The proposed graphene-based electrode materials for electrodynamic dust screens provides a unique approach to deposit both the conductive material and a high dielectric constant insulator in a single wet coating method. The laser reduction of graphene oxide will provide electrodes with improved electrical conductivity over current state of the art, while the non-reduced graphene oxide composite will demonstrate an improved dielectric constant and higher breakdown voltage. The resulting EDS array will exhibit higher flexibility than current ITO alternatives and will be processable on complex or highly curved surfaces. The proposed work will build on WattGlass’s existing knowledge base of liquid deposition of thin-film coatings at an industrial scale and our ongoing efforts to utilize graphene oxide to provide static-dissipative coatings for passive dust mitigation. Additionally, this work will utilize WattGlass’s developed capabilities to simulate lunar soiling and dust removal in a vacuum environment that includes UV and electron bombardment. At the end of the Phase I, a TRL of 4 is expected with the lab scale validation of an EDS electrode array. This will prepare for the anticipated Phase II research effort, where the electrode material will be further optimized, incorporated into an existing EDS prototype, and improved dust clearing will be demonstrated in one of NASA’s lunar or Martian environmental test chambers. A TRL of 6 is expected at the conclusion of Phase II.

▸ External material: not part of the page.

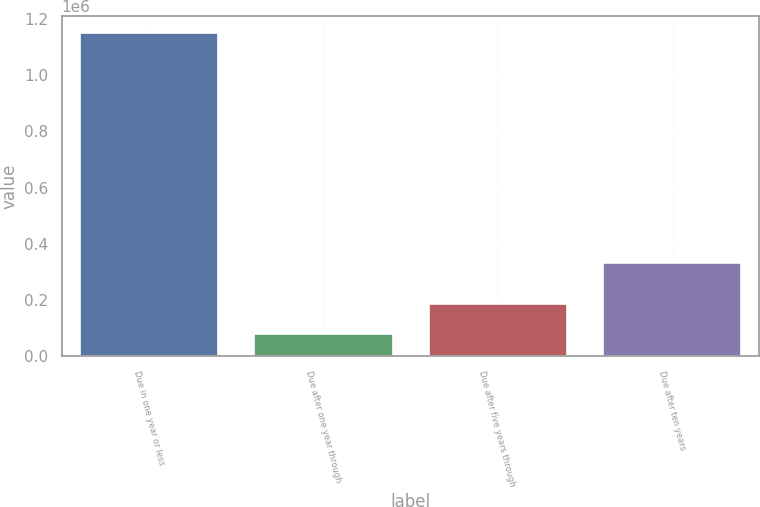Convert chart to OTSL. <chart><loc_0><loc_0><loc_500><loc_500><bar_chart><fcel>Due in one year or less<fcel>Due after one year through<fcel>Due after five years through<fcel>Due after ten years<nl><fcel>1.15277e+06<fcel>83674<fcel>190583<fcel>336871<nl></chart> 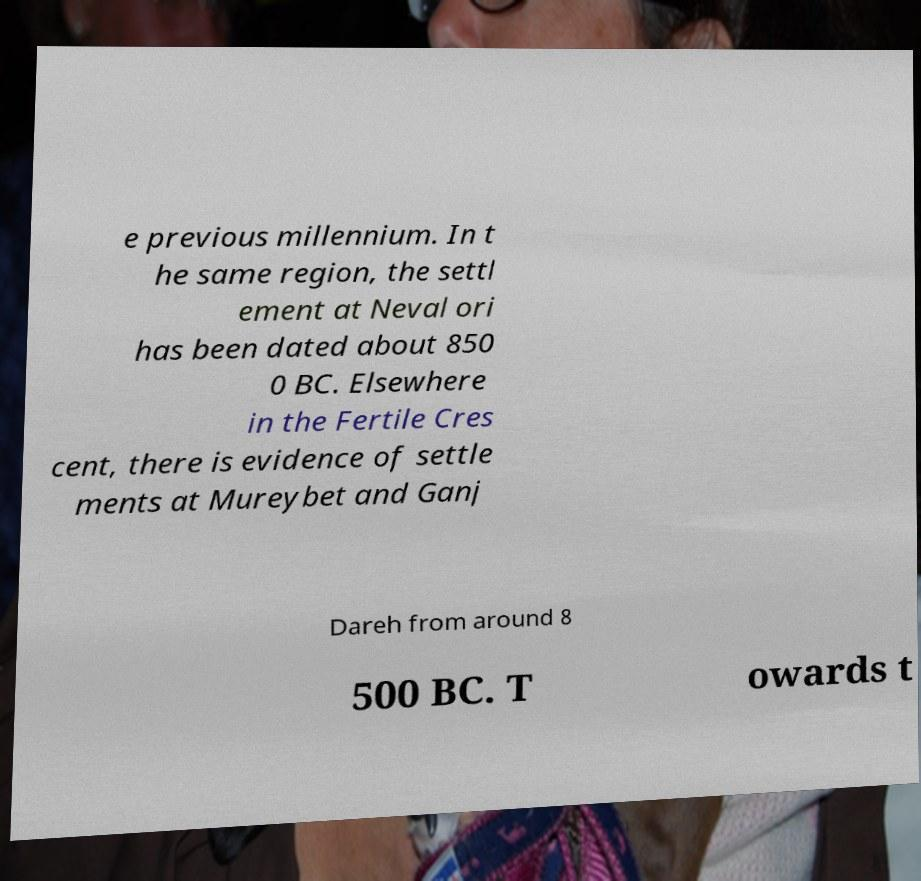There's text embedded in this image that I need extracted. Can you transcribe it verbatim? e previous millennium. In t he same region, the settl ement at Neval ori has been dated about 850 0 BC. Elsewhere in the Fertile Cres cent, there is evidence of settle ments at Mureybet and Ganj Dareh from around 8 500 BC. T owards t

Electrodynamic dust screens are anticipated to be the main defense for solar arrays, sensor housings, and EMU visors. The proposed transparent graphene-based electrode material’s improved conductivity, insulation, and flexibility addresses the limitations of current state of the art EDS systems to provide solutions for these surfaces. Additionally, improved transparent conductive electrode materials will find application in other systems that will be included in all future missions including displays, sensor arrays, and photovoltaics.
The market for transparent conductive films is $4.9B in 2020 growing at a CAGR of 9.2%. Growth is driven by the electronics industry’s shift to user-oriented wearable and flexible electronics. Novel materials are anticipated to form more than 25% of the market by 2026, therefore the proposed technology could have significant market value and aligns well with WattGlass’s development path.